> _Assigned task_
Go through the entries below and print, exactly, the lines starting at the one with "- sneaker (198, 347, 387, 539)" and ending at the one with "- supplement box (0, 10, 298, 315)", keeping both ends and no others.

Data items
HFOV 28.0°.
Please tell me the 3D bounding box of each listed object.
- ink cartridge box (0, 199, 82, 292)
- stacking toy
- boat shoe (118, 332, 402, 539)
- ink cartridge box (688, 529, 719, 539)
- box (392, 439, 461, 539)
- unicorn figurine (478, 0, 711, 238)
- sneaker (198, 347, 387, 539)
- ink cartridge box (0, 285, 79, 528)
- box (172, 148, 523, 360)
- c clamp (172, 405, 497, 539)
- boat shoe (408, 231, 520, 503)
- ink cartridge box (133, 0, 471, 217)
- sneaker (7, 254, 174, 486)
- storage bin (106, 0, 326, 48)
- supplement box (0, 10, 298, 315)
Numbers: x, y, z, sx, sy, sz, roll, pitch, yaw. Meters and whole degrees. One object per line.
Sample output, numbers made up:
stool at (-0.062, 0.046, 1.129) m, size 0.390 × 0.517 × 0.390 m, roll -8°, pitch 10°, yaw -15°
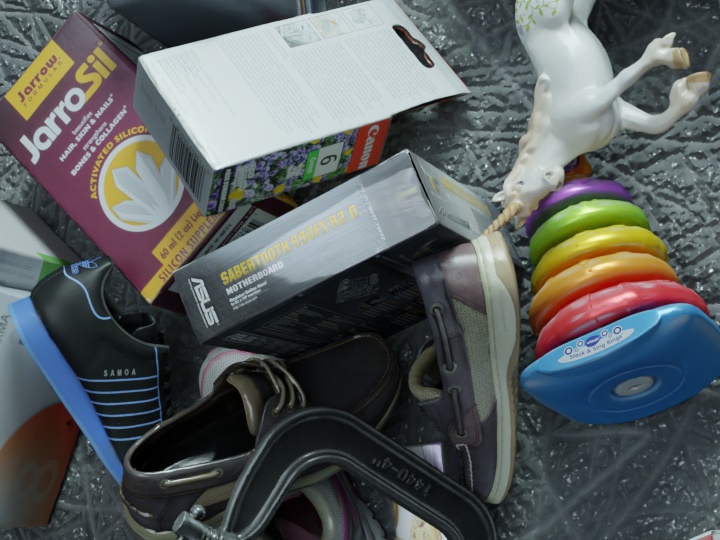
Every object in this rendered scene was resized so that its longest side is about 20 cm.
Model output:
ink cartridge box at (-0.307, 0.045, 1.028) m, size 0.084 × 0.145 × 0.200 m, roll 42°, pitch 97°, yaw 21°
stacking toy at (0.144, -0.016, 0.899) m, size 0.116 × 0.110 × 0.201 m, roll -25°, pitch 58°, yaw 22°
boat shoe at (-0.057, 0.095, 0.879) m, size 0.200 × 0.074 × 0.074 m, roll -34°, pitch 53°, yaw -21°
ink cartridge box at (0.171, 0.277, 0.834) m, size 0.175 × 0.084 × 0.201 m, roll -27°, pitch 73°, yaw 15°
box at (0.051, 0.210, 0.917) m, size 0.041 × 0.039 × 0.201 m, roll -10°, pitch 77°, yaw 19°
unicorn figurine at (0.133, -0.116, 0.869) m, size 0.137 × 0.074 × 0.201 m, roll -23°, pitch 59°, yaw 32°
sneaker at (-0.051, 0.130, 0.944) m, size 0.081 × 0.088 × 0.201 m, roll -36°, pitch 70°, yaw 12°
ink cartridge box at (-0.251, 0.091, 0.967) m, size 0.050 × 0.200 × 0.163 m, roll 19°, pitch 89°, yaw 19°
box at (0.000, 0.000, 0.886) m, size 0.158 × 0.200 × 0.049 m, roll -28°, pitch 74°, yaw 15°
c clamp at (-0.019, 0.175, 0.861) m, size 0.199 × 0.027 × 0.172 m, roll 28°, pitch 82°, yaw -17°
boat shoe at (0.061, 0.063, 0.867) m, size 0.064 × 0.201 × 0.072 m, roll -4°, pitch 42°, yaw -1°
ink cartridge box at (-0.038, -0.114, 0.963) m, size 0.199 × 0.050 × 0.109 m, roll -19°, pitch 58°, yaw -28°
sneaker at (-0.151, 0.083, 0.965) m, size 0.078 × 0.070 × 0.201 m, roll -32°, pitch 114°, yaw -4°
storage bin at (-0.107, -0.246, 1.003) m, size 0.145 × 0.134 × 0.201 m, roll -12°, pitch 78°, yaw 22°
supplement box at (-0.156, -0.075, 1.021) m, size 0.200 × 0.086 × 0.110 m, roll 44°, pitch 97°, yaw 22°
---
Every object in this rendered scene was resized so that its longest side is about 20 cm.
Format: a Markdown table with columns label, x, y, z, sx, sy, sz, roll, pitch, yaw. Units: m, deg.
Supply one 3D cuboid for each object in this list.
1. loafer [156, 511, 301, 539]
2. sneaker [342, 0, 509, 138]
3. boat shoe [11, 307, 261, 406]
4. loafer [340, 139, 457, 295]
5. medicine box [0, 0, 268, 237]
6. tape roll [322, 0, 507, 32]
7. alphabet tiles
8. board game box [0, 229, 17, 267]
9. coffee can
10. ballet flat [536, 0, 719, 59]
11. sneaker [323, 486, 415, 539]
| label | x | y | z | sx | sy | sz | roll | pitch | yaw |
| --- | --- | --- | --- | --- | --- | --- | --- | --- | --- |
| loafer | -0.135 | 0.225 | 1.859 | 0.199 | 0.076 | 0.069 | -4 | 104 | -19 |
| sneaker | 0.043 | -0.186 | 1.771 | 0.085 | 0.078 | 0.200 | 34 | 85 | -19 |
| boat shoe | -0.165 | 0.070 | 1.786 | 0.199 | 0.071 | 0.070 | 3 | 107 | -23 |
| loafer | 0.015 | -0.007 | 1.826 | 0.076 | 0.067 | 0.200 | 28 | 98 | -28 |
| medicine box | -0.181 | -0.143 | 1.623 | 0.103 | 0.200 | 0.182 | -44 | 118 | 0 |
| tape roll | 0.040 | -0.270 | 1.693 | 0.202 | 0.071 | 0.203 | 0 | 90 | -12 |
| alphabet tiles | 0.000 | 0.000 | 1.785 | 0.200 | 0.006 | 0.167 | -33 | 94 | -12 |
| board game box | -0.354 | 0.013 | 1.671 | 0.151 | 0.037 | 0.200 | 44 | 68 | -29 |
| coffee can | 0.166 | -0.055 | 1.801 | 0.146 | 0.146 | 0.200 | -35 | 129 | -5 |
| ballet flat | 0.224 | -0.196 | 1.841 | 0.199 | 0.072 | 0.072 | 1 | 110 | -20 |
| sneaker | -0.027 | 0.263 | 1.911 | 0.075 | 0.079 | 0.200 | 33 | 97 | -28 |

> _Solution for this task_
- sneaker (198, 347, 387, 539)
- ink cartridge box (0, 285, 79, 528)
- box (172, 148, 523, 360)
- c clamp (172, 405, 497, 539)
- boat shoe (408, 231, 520, 503)
- ink cartridge box (133, 0, 471, 217)
- sneaker (7, 254, 174, 486)
- storage bin (106, 0, 326, 48)
- supplement box (0, 10, 298, 315)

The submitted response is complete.